9. How does the Trump impeachment compare to past impeachments?

Robert Lane, a political science professor, said the current impeachment is unique compared to those of Nixon and Clinton.

“Congress is split — the House is controlled by the Democrats and the Senate by the Republicans,” Lane said. “For Nixon, Democrats controlled both. For Clinton, Republicans controlled both. Hence, the political rancor and contentiousness this time is unprecedented.”

French explained that Trump’s impeachment also differs from previous impeachments due to the process itself.

“This will be the third impeachment trial in U.S. history, and the Republicans in the Senate have no intention of following any of the proceedings they themselves used in the past,” French said. “This is why Speaker Pelosi is holding up the articles until the Senate votes on the process of the trial. She is worried the Republicans will try and fast track it without holding a proper trial.”

10. What will happen next?

Once the trial begins, the Senate will set rules for proceedings, as there are no standing rules for the process, Baesler said.

“The issue right now is whether the Senate will hold additional hearings and call additional witnesses, such as former National Security Advisor John Bolton, who just recently announced he would honor a Congressional subpoena,” he said.

While Republican Senate Majority Leader Mitch McConnell wants to minimize political fallout through a quick process, Senate Democrats want additional witnesses to be heard, Baesler said.

“Since the House vote on impeachment, new evidence has emerged that shows President Trump personally ordering military aid to Ukraine be frozen,” he said. “McConnell wants both the House and President Trump’s lawyers to make their respective cases and then immediately move to a vote on removal from office.
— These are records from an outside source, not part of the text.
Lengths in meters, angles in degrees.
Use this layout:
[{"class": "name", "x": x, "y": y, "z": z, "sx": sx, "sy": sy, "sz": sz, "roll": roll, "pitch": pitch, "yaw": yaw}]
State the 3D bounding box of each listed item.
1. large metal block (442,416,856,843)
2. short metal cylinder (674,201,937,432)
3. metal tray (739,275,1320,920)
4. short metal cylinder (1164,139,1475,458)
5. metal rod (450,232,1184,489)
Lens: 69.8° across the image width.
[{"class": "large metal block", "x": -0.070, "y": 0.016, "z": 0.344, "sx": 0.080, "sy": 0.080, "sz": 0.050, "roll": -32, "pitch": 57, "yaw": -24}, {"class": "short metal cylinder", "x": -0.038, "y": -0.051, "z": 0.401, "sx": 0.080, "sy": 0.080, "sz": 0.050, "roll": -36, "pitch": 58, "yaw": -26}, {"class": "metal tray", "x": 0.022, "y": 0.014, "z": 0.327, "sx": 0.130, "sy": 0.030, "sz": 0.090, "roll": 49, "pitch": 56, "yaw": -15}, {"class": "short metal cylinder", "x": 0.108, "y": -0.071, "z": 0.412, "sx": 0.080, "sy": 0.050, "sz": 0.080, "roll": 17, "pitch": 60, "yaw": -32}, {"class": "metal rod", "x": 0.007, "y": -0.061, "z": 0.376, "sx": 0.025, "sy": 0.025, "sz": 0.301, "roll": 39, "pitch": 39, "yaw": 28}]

This is most likely what will happen once the Senate has received the Articles of Impeachment.”

Keil added that problems will arise from concluding a trial quickly, mainly in terms of information disclosure.

“The problem is, without some of the information and witnesses being called, the whole story is not out,” she said. “That is why McConnell wants a swift hearing — to avoid that information being disclosed.”

Because of the situation with Iran and gridlock between the Democrat and Republican parties, the impeachment process is taking up a lot of time, Keil said.

“Without some major, new information about the president, the Senate will never vote to remove (Trump),” she said.